▶ WHAT YOU ARE ASKED TO DO: Please copy the last part of the entries exactly: the line that has "Write the answer" and every line up to and including the end, nothing more.

▶ TASK DATA:
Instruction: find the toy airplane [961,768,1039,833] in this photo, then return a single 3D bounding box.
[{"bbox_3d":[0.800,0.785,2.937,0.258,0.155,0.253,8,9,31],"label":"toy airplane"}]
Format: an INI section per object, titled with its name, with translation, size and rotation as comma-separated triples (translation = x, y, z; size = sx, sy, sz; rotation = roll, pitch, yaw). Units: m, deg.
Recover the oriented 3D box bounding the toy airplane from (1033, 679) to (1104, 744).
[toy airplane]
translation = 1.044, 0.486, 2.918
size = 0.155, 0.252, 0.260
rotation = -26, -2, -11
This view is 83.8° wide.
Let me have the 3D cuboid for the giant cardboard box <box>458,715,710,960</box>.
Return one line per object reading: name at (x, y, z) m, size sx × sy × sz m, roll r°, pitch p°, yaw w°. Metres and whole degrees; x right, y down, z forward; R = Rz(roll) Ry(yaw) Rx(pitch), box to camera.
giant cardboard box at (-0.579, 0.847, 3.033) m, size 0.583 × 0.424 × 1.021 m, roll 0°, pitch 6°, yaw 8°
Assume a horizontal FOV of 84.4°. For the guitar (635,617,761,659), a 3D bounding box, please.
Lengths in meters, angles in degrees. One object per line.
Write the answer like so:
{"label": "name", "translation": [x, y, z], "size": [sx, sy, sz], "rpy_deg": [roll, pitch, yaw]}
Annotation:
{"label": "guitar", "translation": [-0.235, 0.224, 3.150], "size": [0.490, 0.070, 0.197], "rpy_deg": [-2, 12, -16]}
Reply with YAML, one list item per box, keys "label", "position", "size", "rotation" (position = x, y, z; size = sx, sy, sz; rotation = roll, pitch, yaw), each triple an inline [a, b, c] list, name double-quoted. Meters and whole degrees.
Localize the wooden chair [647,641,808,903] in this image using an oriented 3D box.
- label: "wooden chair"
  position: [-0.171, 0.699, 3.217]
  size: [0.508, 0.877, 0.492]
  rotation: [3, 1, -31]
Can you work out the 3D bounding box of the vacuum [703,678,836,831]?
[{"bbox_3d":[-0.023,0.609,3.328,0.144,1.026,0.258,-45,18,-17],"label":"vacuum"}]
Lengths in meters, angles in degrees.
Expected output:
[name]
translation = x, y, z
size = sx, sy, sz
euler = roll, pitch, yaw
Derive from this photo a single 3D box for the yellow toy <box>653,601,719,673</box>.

▶ RESULT BELOW:
Write the answer like so:
{"label": "name", "translation": [x, y, z], "size": [sx, sy, sz], "rpy_deg": [roll, pitch, yaw]}
Annotation:
{"label": "guitar", "translation": [-0.235, 0.224, 3.150], "size": [0.490, 0.070, 0.197], "rpy_deg": [-2, 12, -16]}
Reply with YAML, one list item per box, keys "label", "position", "size", "rotation" (position = x, y, z; size = sx, sy, sz; rotation = roll, pitch, yaw), each triple an inline [a, b, c] list, name double-quoted. Meters and whole degrees.
Localize the wooden chair [647,641,808,903] in this image using an oriented 3D box.
- label: "wooden chair"
  position: [-0.171, 0.699, 3.217]
  size: [0.508, 0.877, 0.492]
  rotation: [3, 1, -31]
Can you work out the 3D bounding box of the vacuum [703,678,836,831]?
[{"bbox_3d":[-0.023,0.609,3.328,0.144,1.026,0.258,-45,18,-17],"label":"vacuum"}]
Lengths in meters, angles in degrees.
Expected output:
[name]
translation = x, y, z
size = sx, sy, sz
euler = roll, pitch, yaw
Derive from this photo a single 3D box for the yellow toy <box>653,601,719,673</box>.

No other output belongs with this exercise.